I kind of liked this quote:

“I had been to the outpost before and thought of it as a somewhat vacation because no action had ever been there all the time I’d been on that particular part of the line,” Mr. Simanek recalled in an interview with the government website Department of Defense News in 2020. “So I took an old Reader’s Digest and a can of precious beer in my big back pocket and thought I was really going to have a relaxing situation. It didn’t turn out that way.”

He was 92. His death (according to the NYT) leaves two surviving MoH recipients from the Korean War: Hiroshi Miyamura, who is 96, and Ralph Puckett Jr., who is 95.

Rep. Jackie Walorski (R-Indiana) was killed in a car accident yesterday. Two of her aides, district director Zachery Potts and communications director Emma Thomson, were also killed.

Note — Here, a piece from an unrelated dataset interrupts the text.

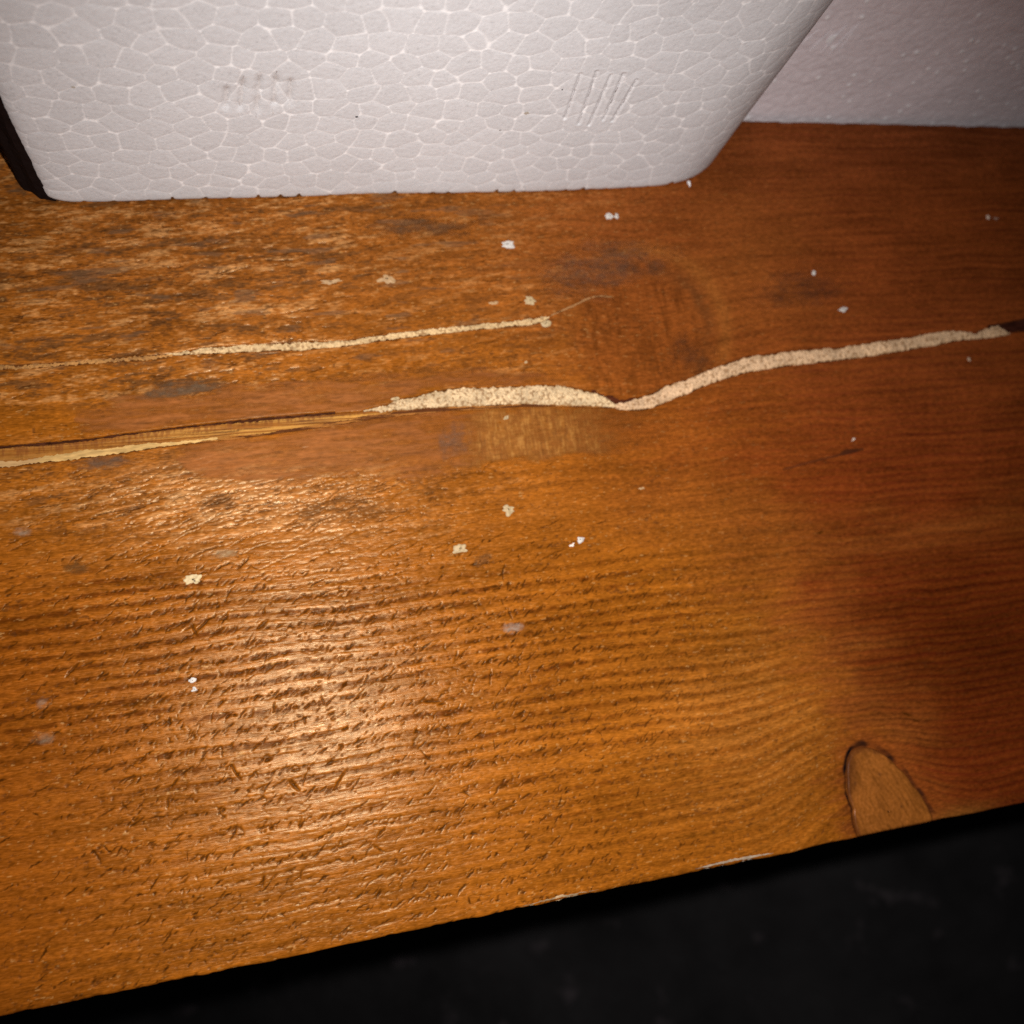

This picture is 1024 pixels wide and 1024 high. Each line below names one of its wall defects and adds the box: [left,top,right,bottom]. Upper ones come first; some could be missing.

Lawrence sent over an obit for British actor John Steiner, who died in a car accident on Sunday. Credits include “Caligula”, “Deported Women of the SS Special Section”, and “The .44 Specialist”.

Richard Tait, co-inventor of “Cranium”. He was 58, and died of COVID complications.

Dallas Edeburn, deputy with the Ramsey County Sheriff’s Office in Minnesota. He was found dead in his car after his shift. In March of 2021, he was in a serious accident when his patrol car was hit by a stolen car fleeing from the police. Other officers pulled him from his burning car, and he sustained pretty serious injuries. It isn’t clear if his death is related to the previous incident.

Johnny Famechon, former featherweight champion of the world.

The Australian boxer’s most memorable world title victory was his decision win against Cuban Jose Legra for the WBC title at London’s Albert Hall in 1969. Famechon boxed professionally for more than 20 years and had a record of 56 wins (20 by knockout), five losses and six draws.